La ripresa audio di questo lavoro, mixata da Miroslav Vitous presso l’Universal Syncopations Studios di Mondovì, mostra un’ottima riproduzione timbrica e una strabiliante ricostruzione dell’originale spazialità live.

By CamJazz
For the first time on CAM JAZZ, Ramberto Ciammarughi, a pianist from Assisi, makes his debut on the Roman label with his "new music for a trio". A top-class trio, with the well-known Miroslav Vitous on double bass and Gerald Cleaver on drums. These two musicians are in perfect harmony with the leader, thanks also to the numerous collaborations during the course of their training.
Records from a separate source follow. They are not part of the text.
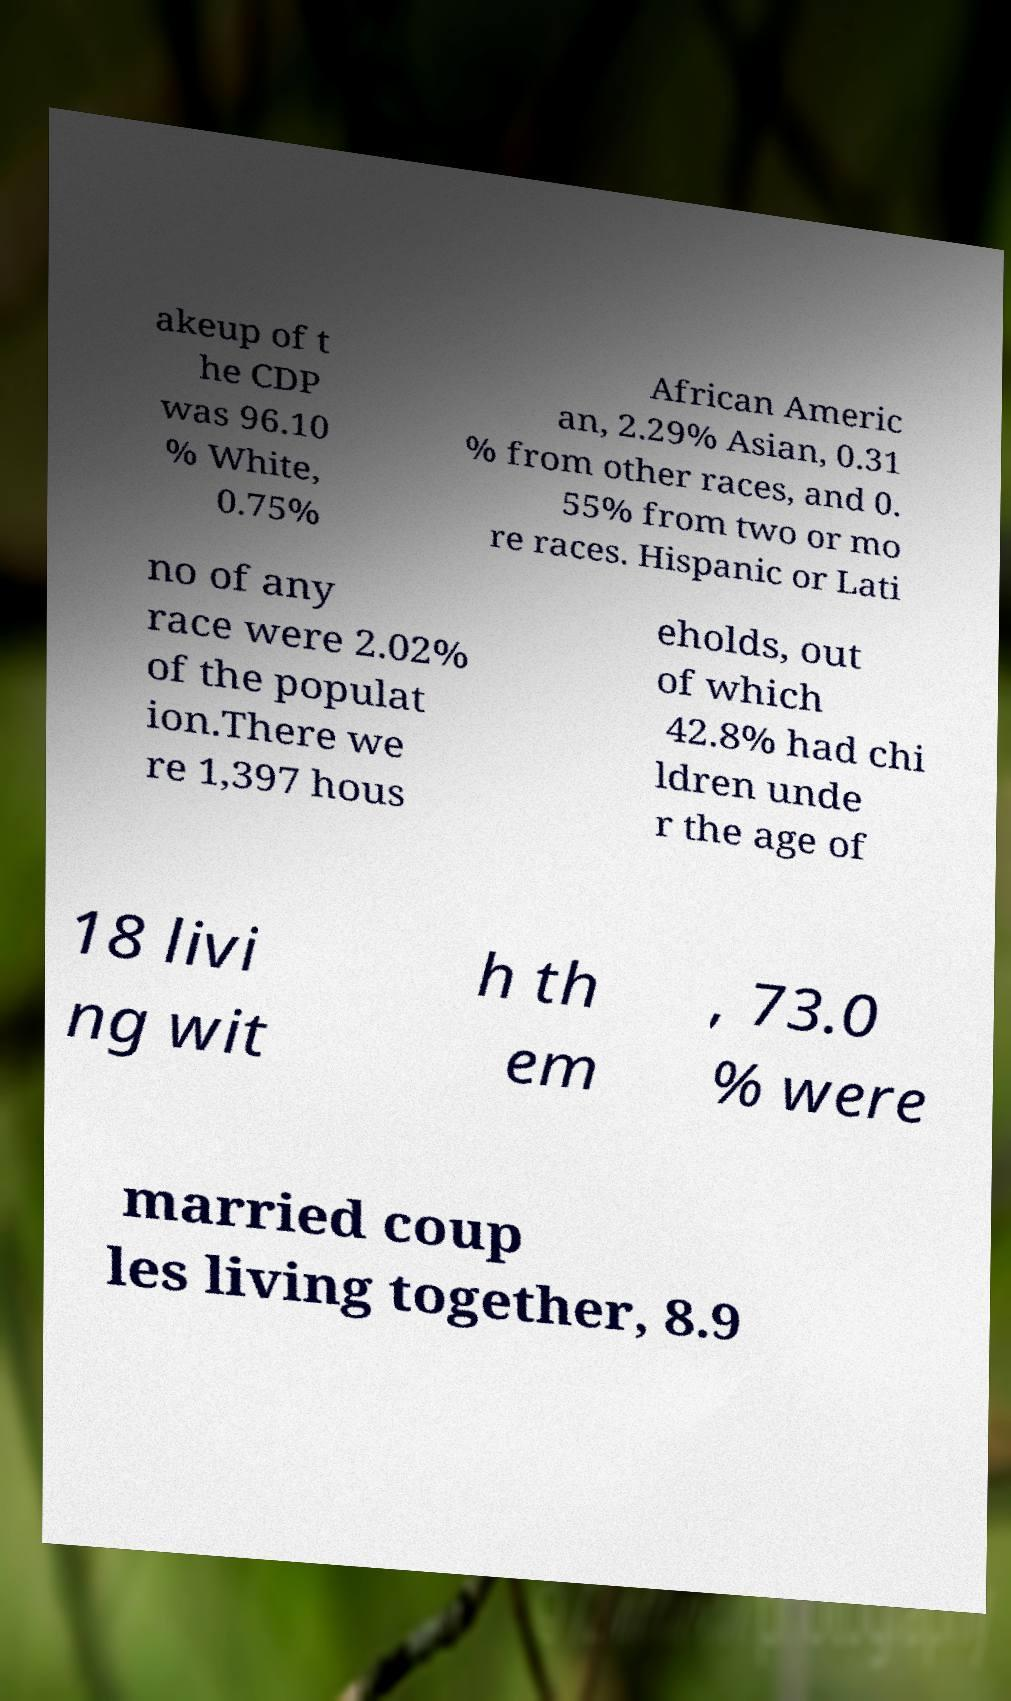Can you read and provide the text displayed in the image?This photo seems to have some interesting text. Can you extract and type it out for me? akeup of t he CDP was 96.10 % White, 0.75% African Americ an, 2.29% Asian, 0.31 % from other races, and 0. 55% from two or mo re races. Hispanic or Lati no of any race were 2.02% of the populat ion.There we re 1,397 hous eholds, out of which 42.8% had chi ldren unde r the age of 18 livi ng wit h th em , 73.0 % were married coup les living together, 8.9 
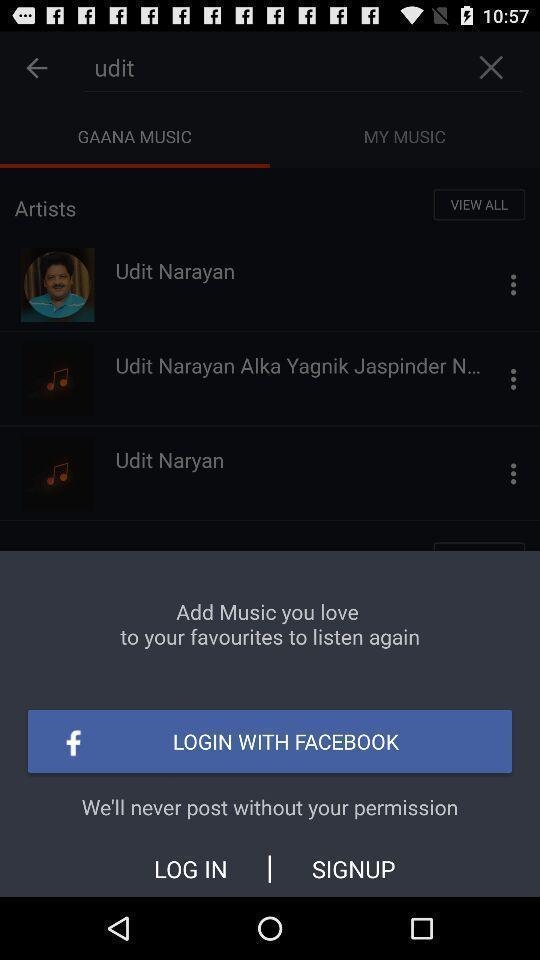What can you discern from this picture? Pop up asking to login with social app. 
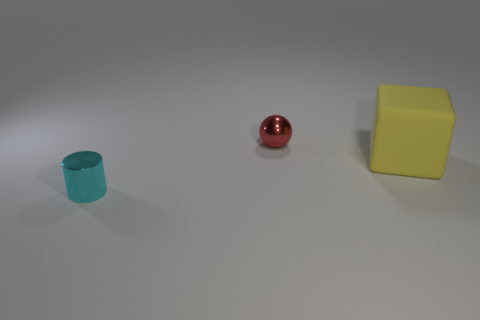What textures are present on the objects if any? The yellow cube and cyan cylinder appear to have a matte texture, while the red sphere has a shiny, reflective texture that can be seen by the light reflecting off its surface.

Ciammarughi wrote almost all of the tracks. He leaves Vitous the honor and task of starting up an excellent “ImproTrio”, which follows an outstanding version of Miles Davis’ “Bye Bye Blackbird” (opening the album), which represent the only exceptions in a musical discourse where the pianist’s style is always easily recognized, rich in touch and in the articulation of the musical architecture. In the overwhelming, intense piece “Anabasys”, we hear Ciammarughi and Vitous out in front, sustaining an obsessive, burning rhythm. The calmness of “
Come Sempre”, some passages of which are almost movie-like, contrasts like chiaroscuro with “B-Loose”, an excellent example, and extremely energetic, of the feeling created by the leader with his valuable travel companions.
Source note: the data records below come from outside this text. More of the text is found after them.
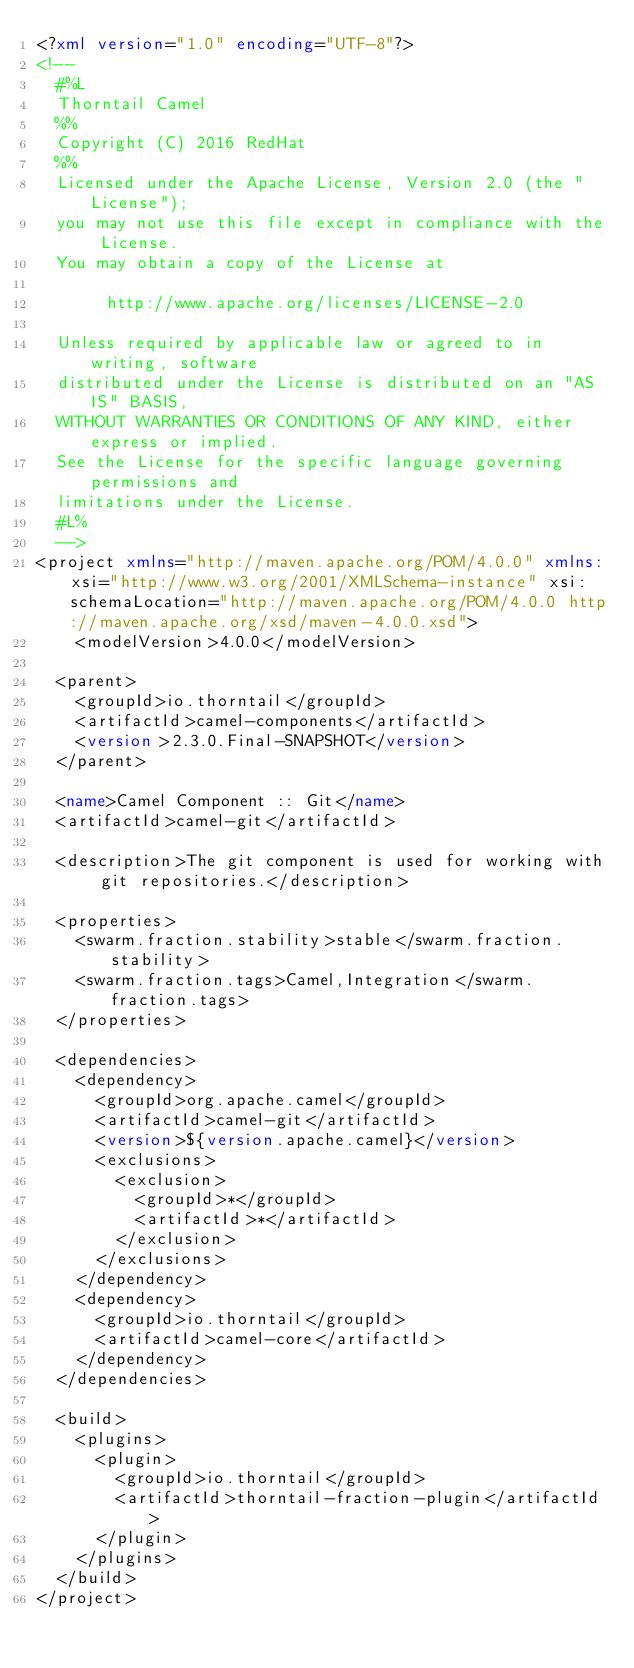<code> <loc_0><loc_0><loc_500><loc_500><_XML_><?xml version="1.0" encoding="UTF-8"?>
<!--
  #%L
  Thorntail Camel
  %%
  Copyright (C) 2016 RedHat
  %%
  Licensed under the Apache License, Version 2.0 (the "License");
  you may not use this file except in compliance with the License.
  You may obtain a copy of the License at
  
       http://www.apache.org/licenses/LICENSE-2.0
  
  Unless required by applicable law or agreed to in writing, software
  distributed under the License is distributed on an "AS IS" BASIS,
  WITHOUT WARRANTIES OR CONDITIONS OF ANY KIND, either express or implied.
  See the License for the specific language governing permissions and
  limitations under the License.
  #L%
  -->
<project xmlns="http://maven.apache.org/POM/4.0.0" xmlns:xsi="http://www.w3.org/2001/XMLSchema-instance" xsi:schemaLocation="http://maven.apache.org/POM/4.0.0 http://maven.apache.org/xsd/maven-4.0.0.xsd">
    <modelVersion>4.0.0</modelVersion>

  <parent>
    <groupId>io.thorntail</groupId>
    <artifactId>camel-components</artifactId>
    <version>2.3.0.Final-SNAPSHOT</version>
  </parent>

  <name>Camel Component :: Git</name>
  <artifactId>camel-git</artifactId>

  <description>The git component is used for working with git repositories.</description>
  
  <properties>
    <swarm.fraction.stability>stable</swarm.fraction.stability>
    <swarm.fraction.tags>Camel,Integration</swarm.fraction.tags>
  </properties>

  <dependencies>
    <dependency>
      <groupId>org.apache.camel</groupId>
      <artifactId>camel-git</artifactId>
      <version>${version.apache.camel}</version>
      <exclusions>
        <exclusion>
          <groupId>*</groupId>
          <artifactId>*</artifactId>
        </exclusion>
      </exclusions>
    </dependency>
    <dependency>
      <groupId>io.thorntail</groupId>
      <artifactId>camel-core</artifactId>
    </dependency>
  </dependencies>

  <build>
    <plugins>
      <plugin>
        <groupId>io.thorntail</groupId>
        <artifactId>thorntail-fraction-plugin</artifactId>
      </plugin>
    </plugins>
  </build>
</project>
</code>

This journey confirms Ciammarughi as one of the most polished, original, curious interpreters of his instrument. The musician, who has accustomed us to phases of creativity alternating with moments of silence and thought, is captured here, live, in 2006, recorded during some gigs at the “Teatro dei Riuniti” in Umbertide, not far from his native city of Assisi, and mixed by Miroslav Vitous in Mondovì, at Universal Syncopations Studios.
“New Music for Trio” is a CD to be listened to without a break, like those concerts, in which Ciammarughi asks the audience not to applaud between pieces, so as to keep each listener constantly poised on the edge of emotion.
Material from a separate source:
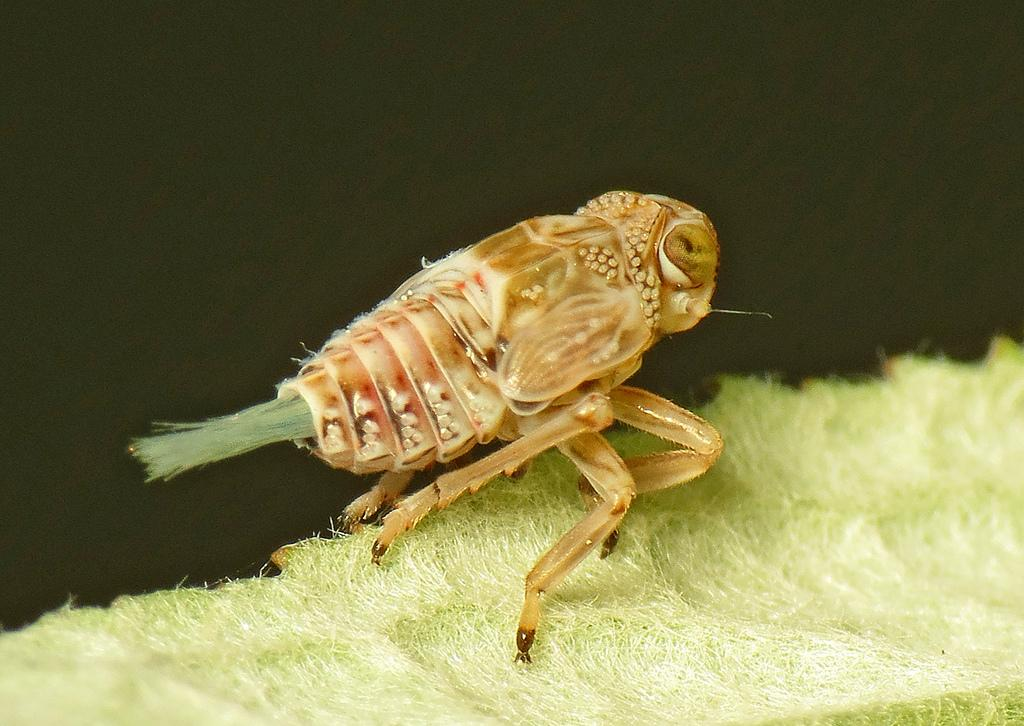What type of creature can be seen in the image? There is an insect in the image. What is the color of the insect? The insect is brown in color. Where is the insect located in the image? The insect is on an object. What is the color of the object the insect is on? The object is green in color. What attempt did the son make to reduce the noise in the image? There is no son or noise present in the image; it only features an insect on a green object.

Recorded live at Teatro dei Riuniti - Umbertide
Live recording engineer Marco Cocchieri


Ralph Alessi & Fred Hersch
Only Many



By George Kanzler at The New York City Jazz Record
Trumpeter Ralph Alessi and pianist Fred Hersch are not strangers, having worked together in Hersch’s quintet. That they are familiar and compatible with each other is evident in the rapport achieved on this duo album, made up largely of originals and improvised collaborations. The 14 tracks here range from pointillist abstractions like “Ride”, a fast, jabbing creation, and “Peering”, a slower, more deliberate meditation, to more lyrical, melodic pieces like the gravely solemn “Campbell” and Paul Motian’s sensuous “Blue Midnight”. Thelonious Monk’s “San Francisco Holiday” is puckishly animated by Harmonmuted trumpet and Hersch referencing Monk pianisms as well as the composer’s fondness for repeating his theme in solos and comping.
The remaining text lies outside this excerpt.